At How Appealing, Howard Bashman gives us this post about citing to district court opinions. He quotes a Seventh Circuit opinion decided yesterday that admonishes lawyers not to cite district court opinions, because they “lack authoritative effect,” and instead to incorporate “into their own presentations” whatever persuasive rationale is offered in the opinion.
Bashman appears to doubt lawyers will heed this advice:
The reality is that advocates will always regard a legal proposition that a judge has accepted — even if only a “lowly” federal district judge — as potentially more worthy of another court’s credence than a proposition for which no authority is cited.
I think he’s right. And opposing lawyers will always feel compelled to respond on the merits rather than point out the cited case’s lack of authoritative effect.
UPDATE (5/4/07): I got to thinking about this post last night and had some thoughts for updating it today. It could wait until my thoughts formed more completely. After all, the blog was only in its fourth day and had a total of 20 or so hits. Then I woke up to see the avalanche of hits from the How Appealing blog (thanks for the traffic, Mr. Bashman) and wished I stayed up late last night to update.
There’s a good reason lawyers will always feel compelled to respond to the merits of a cited district court opinion. They should — at least if the merits were presented. The key is to stick to the merits without fighting over the significance that the point has been adopted by a district court.
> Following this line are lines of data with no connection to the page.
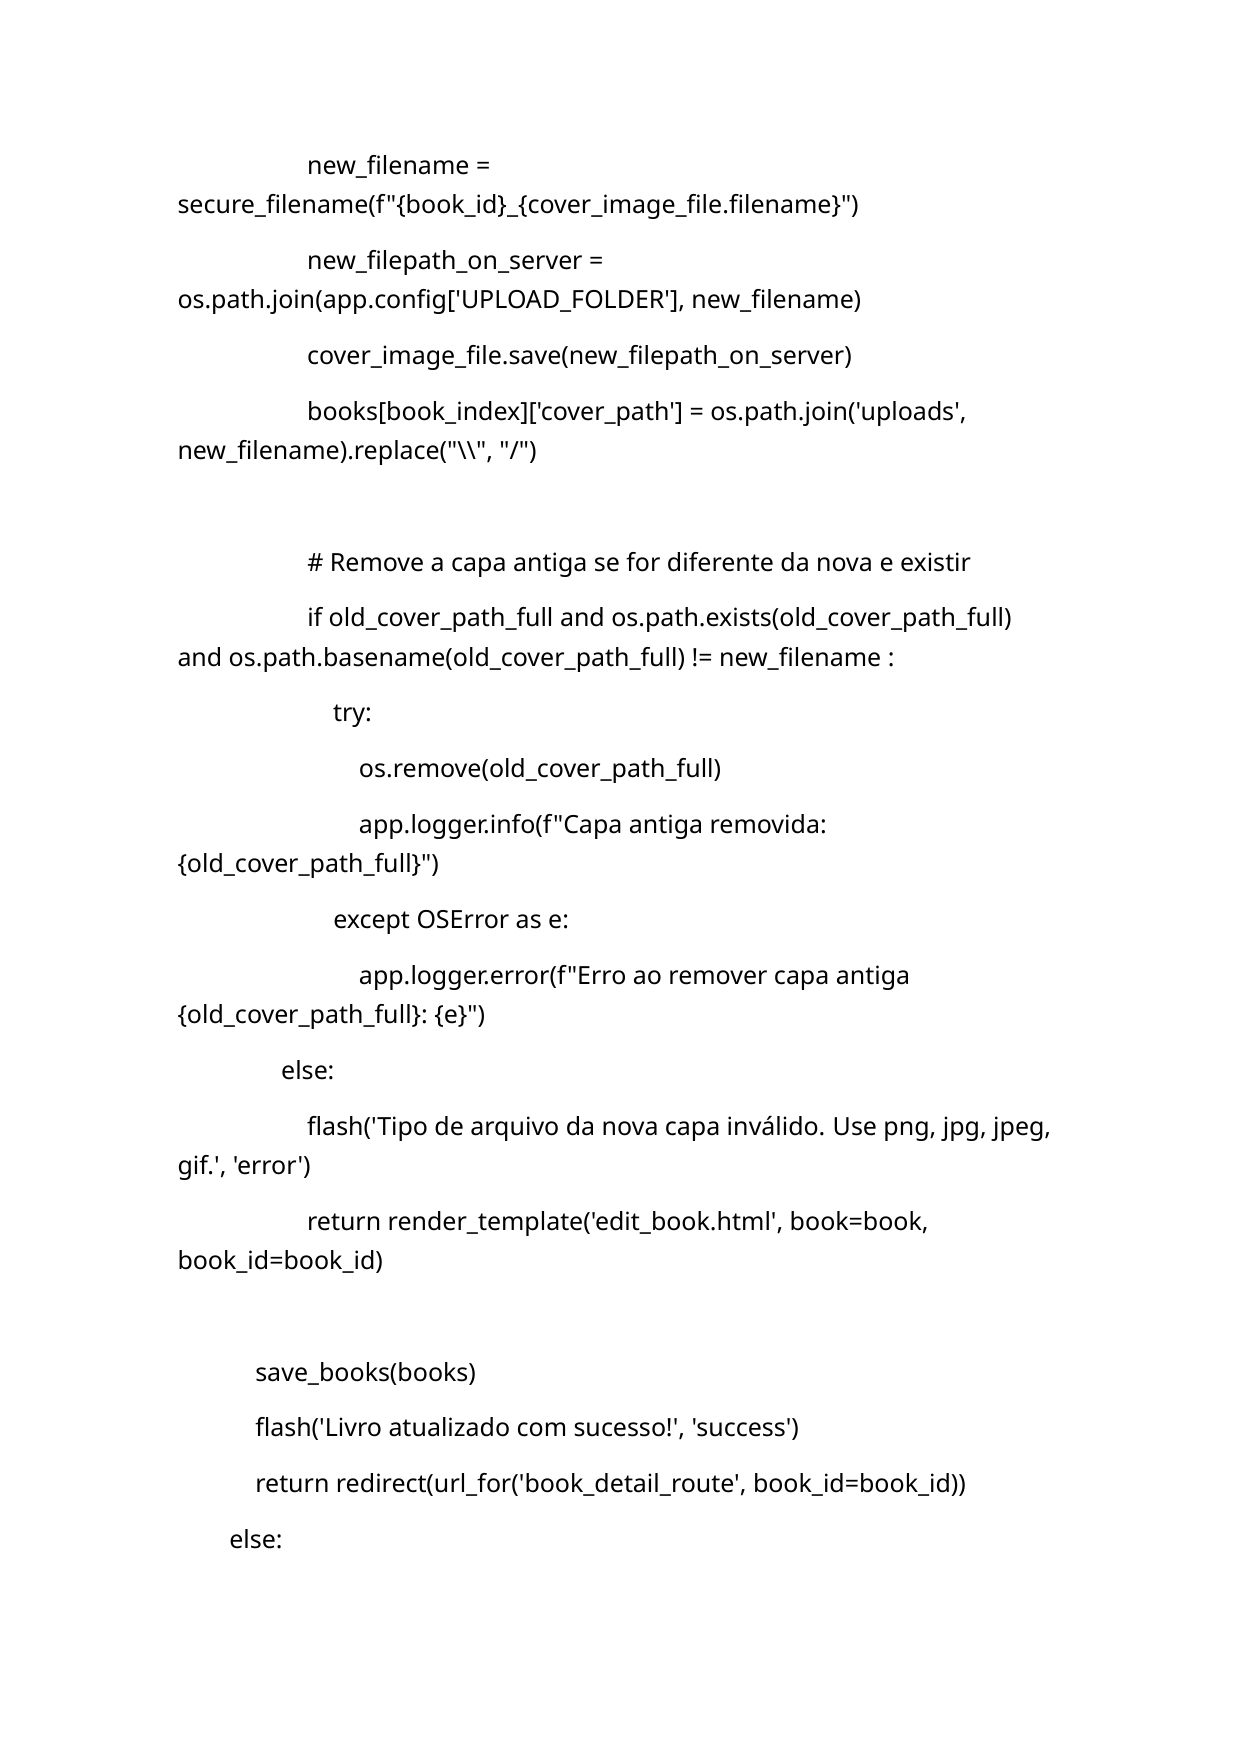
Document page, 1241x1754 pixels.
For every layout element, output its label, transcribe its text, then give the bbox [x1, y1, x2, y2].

text cover_image_file.save(new_filepath_on_server) [177, 338, 1063, 372]
text os.remove(old_cover_path_full) [177, 751, 1063, 785]
text else: [177, 1522, 1063, 1556]
text if old_cover_path_full and os.path.exists(old_cover_path_full) and os.path.basename(old_cover_path_full) != new_filename : [177, 600, 1063, 673]
text flash('Tipo de arquivo da nova capa inválido. Use png, jpg, jpeg, gif.', 'error') [177, 1108, 1063, 1182]
text else: [177, 1053, 1063, 1087]
text flash('Livro atualizado com sucesso!', 'success') [177, 1410, 1063, 1444]
text return render_template('edit_book.html', book=book, book_id=book_id) [177, 1203, 1063, 1277]
text app.logger.error(f"Erro ao remover capa antiga {old_cover_path_full}: {e}") [177, 958, 1063, 1031]
text try: [177, 695, 1063, 729]
text books[book_index]['cover_path'] = os.path.join('uploads', new_filename).replace("\\", "/") [177, 393, 1063, 467]
text except OSError as e: [177, 902, 1063, 936]
text app.logger.info(f"Capa antiga removida: {old_cover_path_full}") [177, 807, 1063, 880]
text new_filename = secure_filename(f"{book_id}_{cover_image_file.filename}") [177, 148, 1063, 221]
text save_books(books) [177, 1354, 1063, 1388]
text return redirect(url_for('book_detail_route', book_id=book_id)) [177, 1466, 1063, 1500]
text # Remove a capa antiga se for diferente da nova e existir [177, 544, 1063, 578]
text new_filepath_on_server = os.path.join(app.config['UPLOAD_FOLDER'], new_filename) [177, 243, 1063, 316]
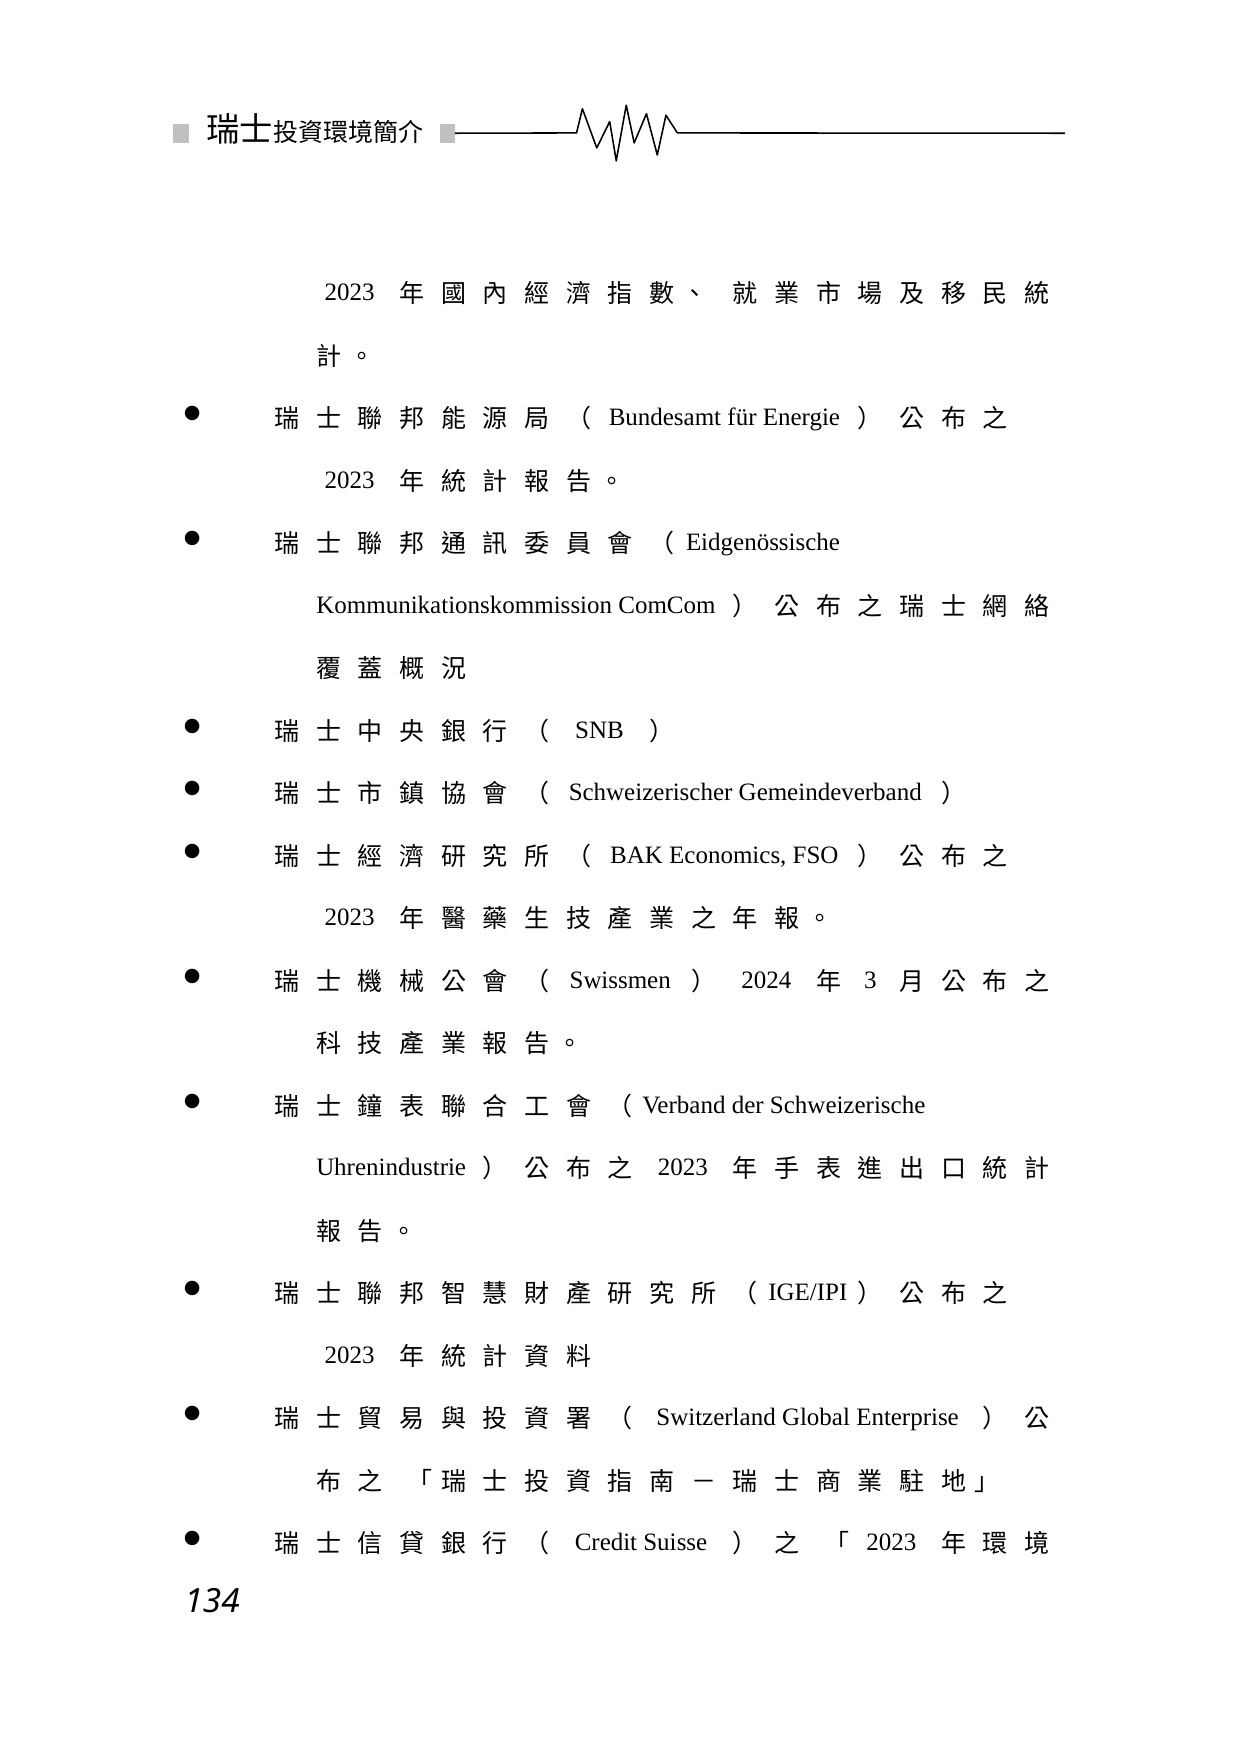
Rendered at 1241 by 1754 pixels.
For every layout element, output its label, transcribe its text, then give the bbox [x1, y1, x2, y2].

list 瑞士聯邦通訊委員會（Eidgenössische Kommunikationskommission ComCom）公布之瑞士網絡覆蓋概況 [183, 500, 1058, 688]
list 瑞士經濟研究所（BAK Economics, FSO）公布之2023年醫藥生技產業之年報。 [183, 813, 1058, 938]
list 瑞士鐘表聯合工會（Verband der Schweizerische Uhrenindustrie）公布之2023年手表進出口統計報告。 [183, 1063, 1058, 1250]
list 瑞士貿易與投資署（Switzerland Global Enterprise）公布之「瑞士投資指南－瑞士商業駐地」 [183, 1375, 1058, 1500]
list 瑞士機械公會（Swissmen）2024年3月公布之科技產業報告。 [183, 938, 1058, 1063]
list 瑞士聯邦智慧財產研究所（IGE/IPI）公布之2023年統計資料 [183, 1250, 1058, 1375]
list 2023年國內經濟指數、就業市場及移民統計。 [183, 250, 1058, 375]
list 瑞士聯邦能源局（Bundesamt für Energie）公布之2023年統計報告。 [183, 375, 1058, 500]
list 瑞士市鎮協會（Schweizerischer Gemeindeverband） [183, 750, 1058, 813]
list 瑞士信貸銀行（Credit Suisse）之「2023年環境 [183, 1500, 1058, 1563]
list 瑞士中央銀行（SNB） [183, 688, 1058, 750]

Take a close look at where the Seventh Circuit drew the line. Here is what Chief Judge Easterbrook’s opinion said:
Finally, the litigants have debated at length the significance of Chicago Truck Drivers Health & Welfare Fund v. Teamsters Local 710, 2005 U.S. Dist. LEXIS 42877 (N.D. Ill. Mar. 4, 2005), which discusses the handling of stock received in demutualization. It is a pointless debate. The Teamsters’ plans have terms different from those of the Professional Benefit Trust. What’s more, decisions of district judges have no authoritative effect. [Citations.] District judges’ opinions often contain persuasive observations, but these can be incorporated into the parties’ briefs. It is never helpful to have an [sic] lengthy exchange on what a particular district court’s opinion “really means” and whether that case was correctly decided. The parties should learn what the opinion has to teach and weave its wisdom into their own presentations.
What’s the difference between arguing “whether the case was correctly decided” and “weaving its wisdom” into a brief, after which the parties will debate that wisdom? The only difference seems to be an actual citation to the opinion. Thus, the bottom line appears to be that the court wants to hear an argument about the merits of a position taken by a district court, but it doesn’t (or at least shouldn’t) care that a district court has actually adopted that position.
Fight over the merits of an idea, proposition, argument or what have you all you like. Just don’t slug it out over the significance of a district court having said it.